Выбрать главу

Так что дословные повторения всех этих маний и фобий — они сулят нам, конечно, весёлый год и весёлые ближайшие годы. Но к экономическому состоянию нации это не имеет никакого отношения. Точно так же как и сама история России никакого отношения не имеет к производительным силам и производственным отношениям. Это как бы две истории: есть история экономическая и есть духовная; есть кредитная, а есть духовная. Вот главный итог года — это новые степени упоения низостью, новые формы упоения низостью, новые разновидности вседозволенности, духовного растления, расчёсывания гнойников, новые формы самомучительства и аутоэротизма. Вот ничего другого, к сожалению, нет.

«Как вы относитесь к «возрастной маркировке» художественной литературы в магазинах? Нужно ли контролировать то, что читают подростки?»

Понимаете, я никогда в своей жизни не встречал книгу, которую мне было бы рано читать. Единственный раз, когда я спросил нашу преподавательницу в первом классе, которую я до сих пор вспоминаю с благодарностью, Валентину Григорьевну Колгатину: «Можно ли мне уже читать «Собаку Баскервилей»?» — на что она очень, по-моему, тактично ответила: «Просто через два года ты от этого получишь больше удовольствия». Но я и так получил большое удовольствие, спасибо.

Я не думаю, что ребёнку надо и, более того, можно что-либо запретить. Сейчас все говорят «как его заставить читать?», а вы — «запретить». Конечно, нужно ребёнку тянуться к запретной полке и читать как можно больше. И в этом для него, я думаю, заключается главный интерес — в преодолении запрета. И вообще не думаю, что маркировать какую-либо книгу — «для подростков», «для взрослых», «для младшего школьного возраста» — следовало бы.

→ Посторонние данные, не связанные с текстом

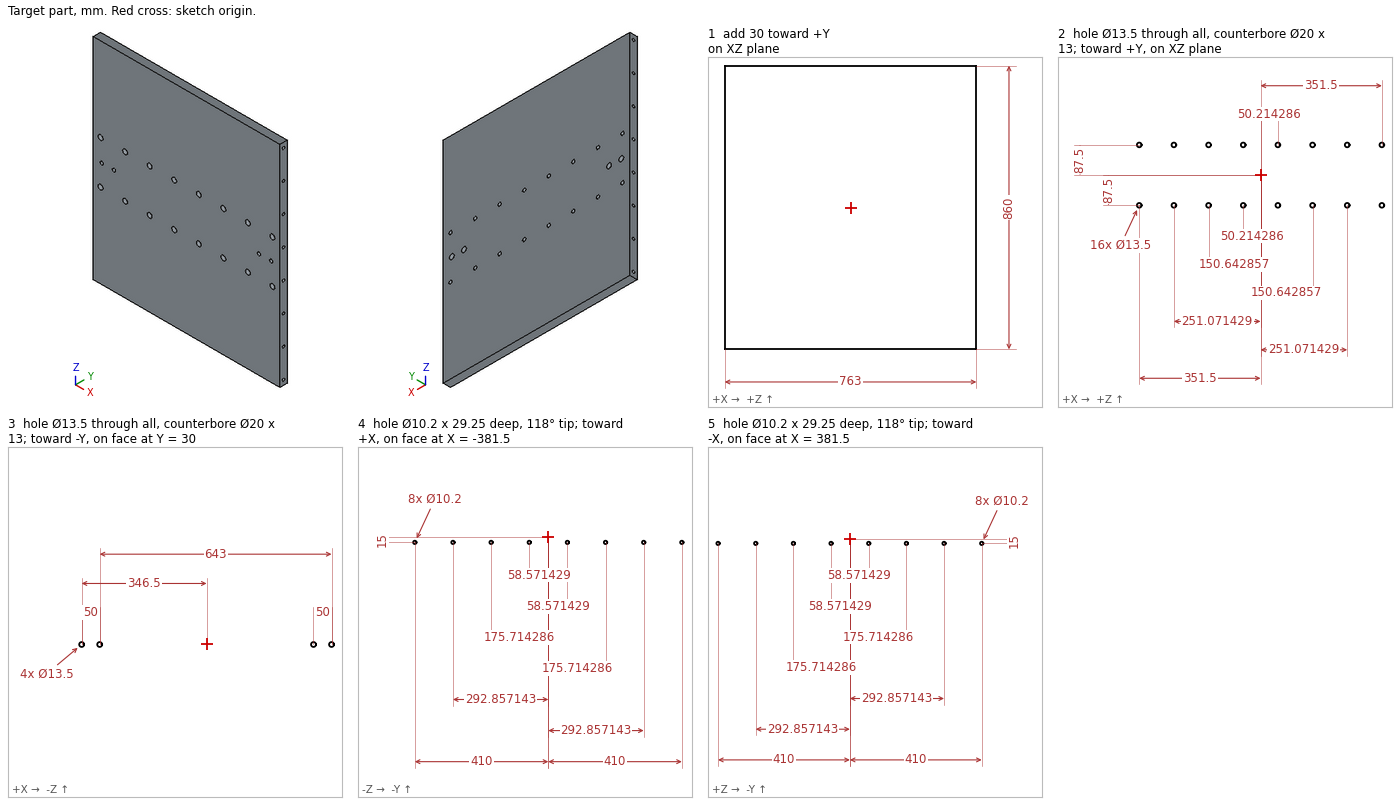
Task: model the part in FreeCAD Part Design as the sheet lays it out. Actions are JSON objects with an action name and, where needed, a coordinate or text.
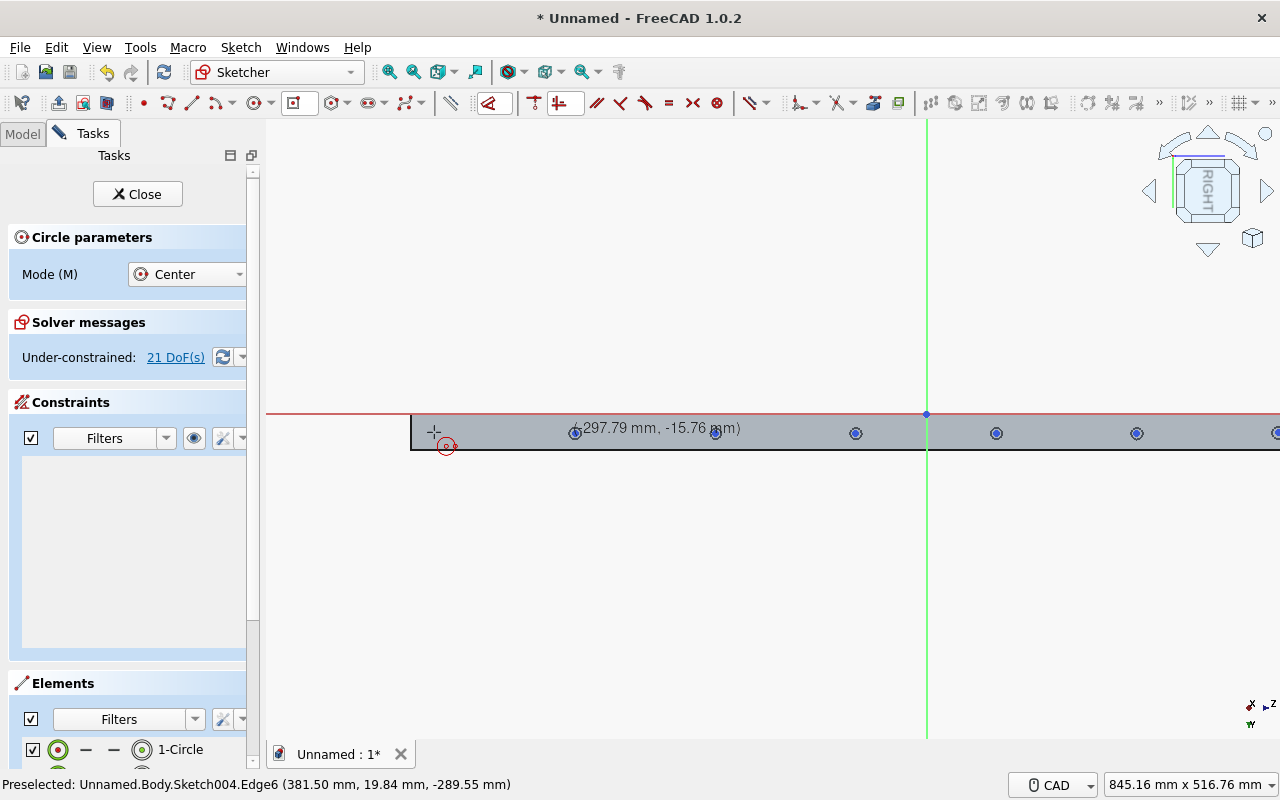
{"action": "left_click", "coordinate": [435, 432]}

Опасно только… Ну, пожалуй, один раз я ощутил некоторое несоответствие, но это была как раз книга, которую не только не прятали, но даже в некотором смысле навязывали. Я прочёл «Алису в Стране чудес» лет в девять — и был жутко разочарован! И правильно. Эти книги, они взрослые на самом деле — что «Алиса», что «Алиса в Зазеркалье». Это надо читать после двадцати, потому что те подтексты, которые закладывал туда Доджсон, даже в бытность Кэроллом, они гораздо сложнее, чем может вместить ребёнок — сложнее, парадоксальнее и, я рискнул бы сказать, трагичнее, потому что это же страшная книга, понимаете, о Викторианской эпохе. Когда там с помощью фламинго и ежей играют в крикет — это довольно страшная картинка. И эта книга, мне кажется, не для детей. А всё остальное — ради бога.

«Сочувствует ли Пушкин Дон Гуану в «Каменном госте»? Соблазнитель удачлив и талантлив, но при этом он убийца».

Ну, как убийца? Он же всё-таки действует в рамках тогдашней морали, зависит и от времени, и от места. Его вызывают на дуэль — и что ему делать? Большинство дуэлей происходит не по его инициативе. «Ежели тебе не терпится, изволь». Там наглядна эта дуэль с Дон Карлосом. А куда ему было деваться? «Нет! Теперь — сейчас». Ну хорошо, давайте, пожалуйста. Другое дело, что совокупляться при трупе совершенно необязательно, но зато, как мы видим, и его, и Лауру это очень даже возбуждает. «Постой… при мёртвом!.. что нам делать с ним?» В моей версии, в моей постановке они начинают на него надевать все эти предметы одежды, которые снимают с неё. Она медленно разоблачается — толстая, вульгарная Лаура. И навешивают это всё на сидящего неподвижно в кресле Дон Карлоса, какие-то там предметы нижнего белья. И всё это дико их возбуждает и заводит.

Но я не думаю, что Дон Гуан для Пушкина — однозначно отрицательный персонаж. Это из серии «и с отвращением читая жизнь мою». Наиболее наглядные тексты на эту тему, наиболее, по-моему, компетентные — это замечательная статья Ахматовой о «Каменном госте», где точно названа попытка Пушкина переломить судьбу, и ещё более откровенная книга Юрия Арабова «Механика судеб», где на фоне Пушкина, на примере Пушкина показана попытка перевязать главные узлы своей биографии. Вот эти две книги объясняют Дон Гуана, по-моему, с избытком.

И вы вообще не ищите у Пушкина особо-то правых и виноватых. Как показал Синявский, он всегда сочувствует обеим сторонам. И этика Пушкина, как и этика Христа, она не очень соотносится с этикой повседневности. Пушкин, например, считал, что мстительность — это добродетель христианская, и мщение, и терпение не считал добродетелью. Ну, много там найдёте различий. Поэтому Дон Гуан — это попытка разобраться в себе, а не в этических проблемах.